— What this task involves —
The expected output is every line of the data exactly as shown, minus the images.

(Dataset items)
· · · ·

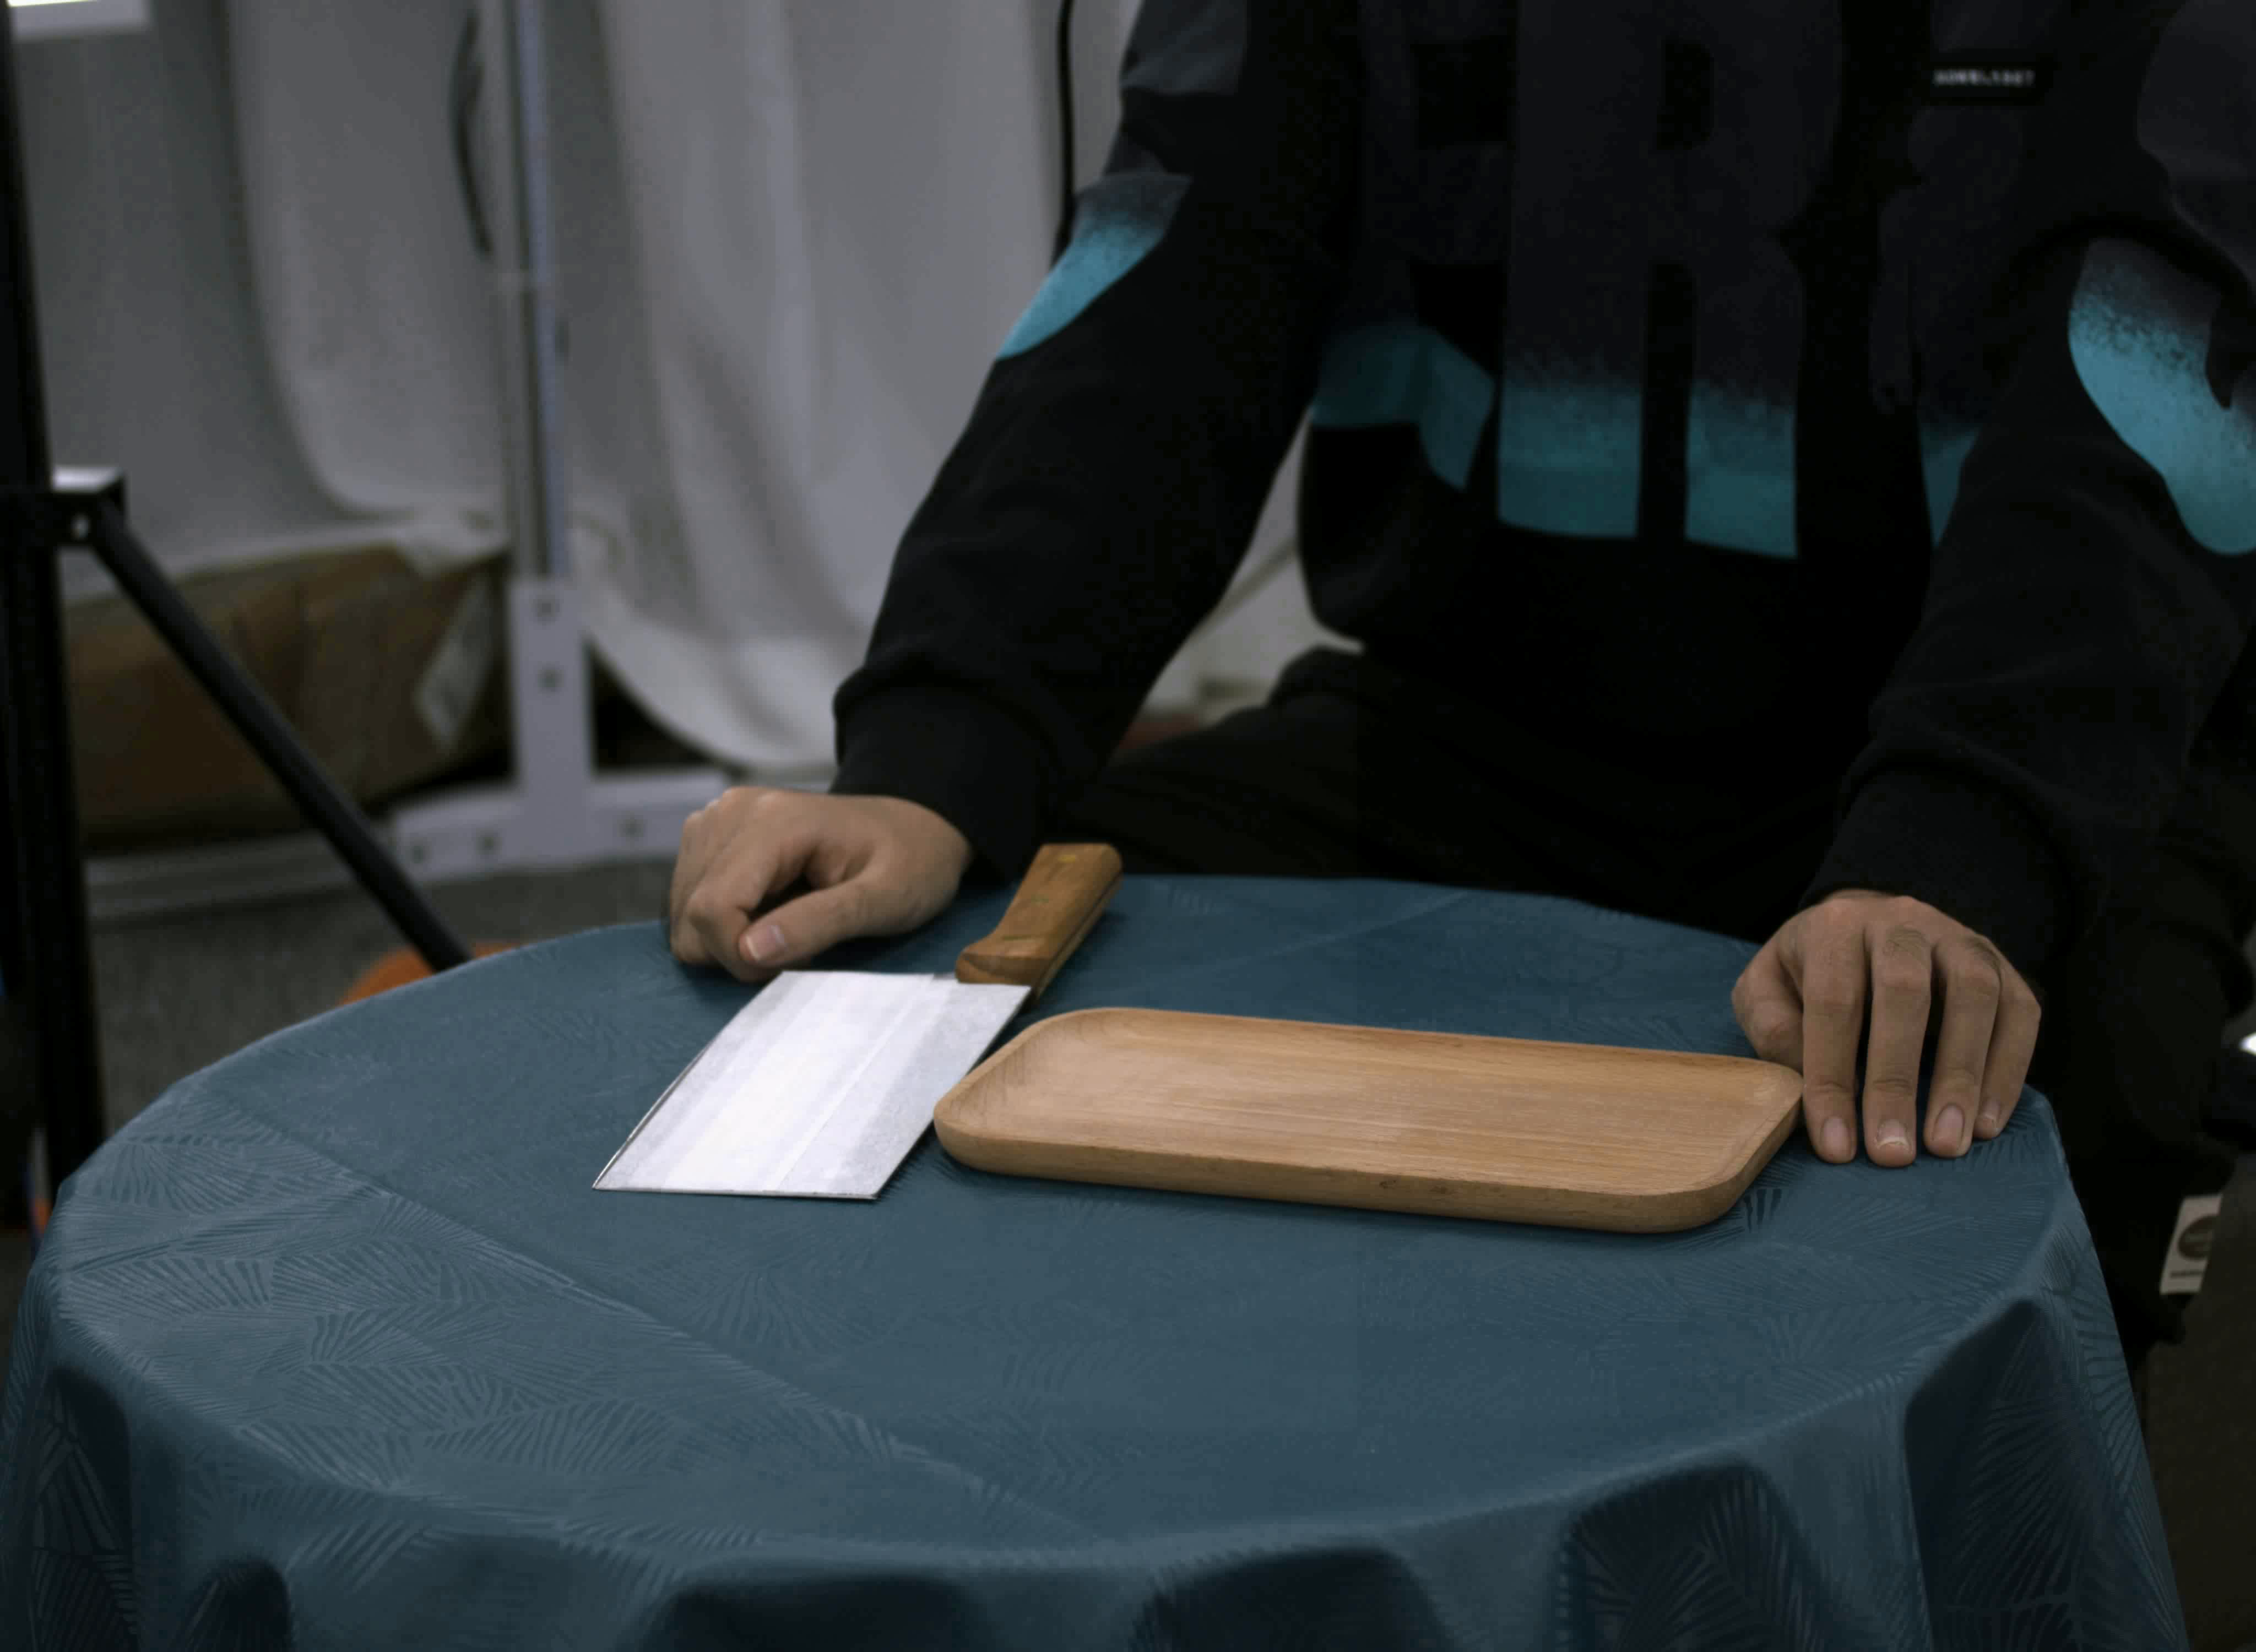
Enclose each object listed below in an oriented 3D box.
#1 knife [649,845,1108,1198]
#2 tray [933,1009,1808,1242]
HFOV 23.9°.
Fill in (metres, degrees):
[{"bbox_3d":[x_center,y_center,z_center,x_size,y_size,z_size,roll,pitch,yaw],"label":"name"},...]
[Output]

· · · ·

— Task solution —
Enclose each object listed below in an oriented 3D box.
#1 knife [649,845,1108,1198]
#2 tray [933,1009,1808,1242]
HFOV 23.9°.
Fill in (metres, degrees):
[{"bbox_3d":[x_center,y_center,z_center,x_size,y_size,z_size,roll,pitch,yaw],"label":"name"},...]
[Output]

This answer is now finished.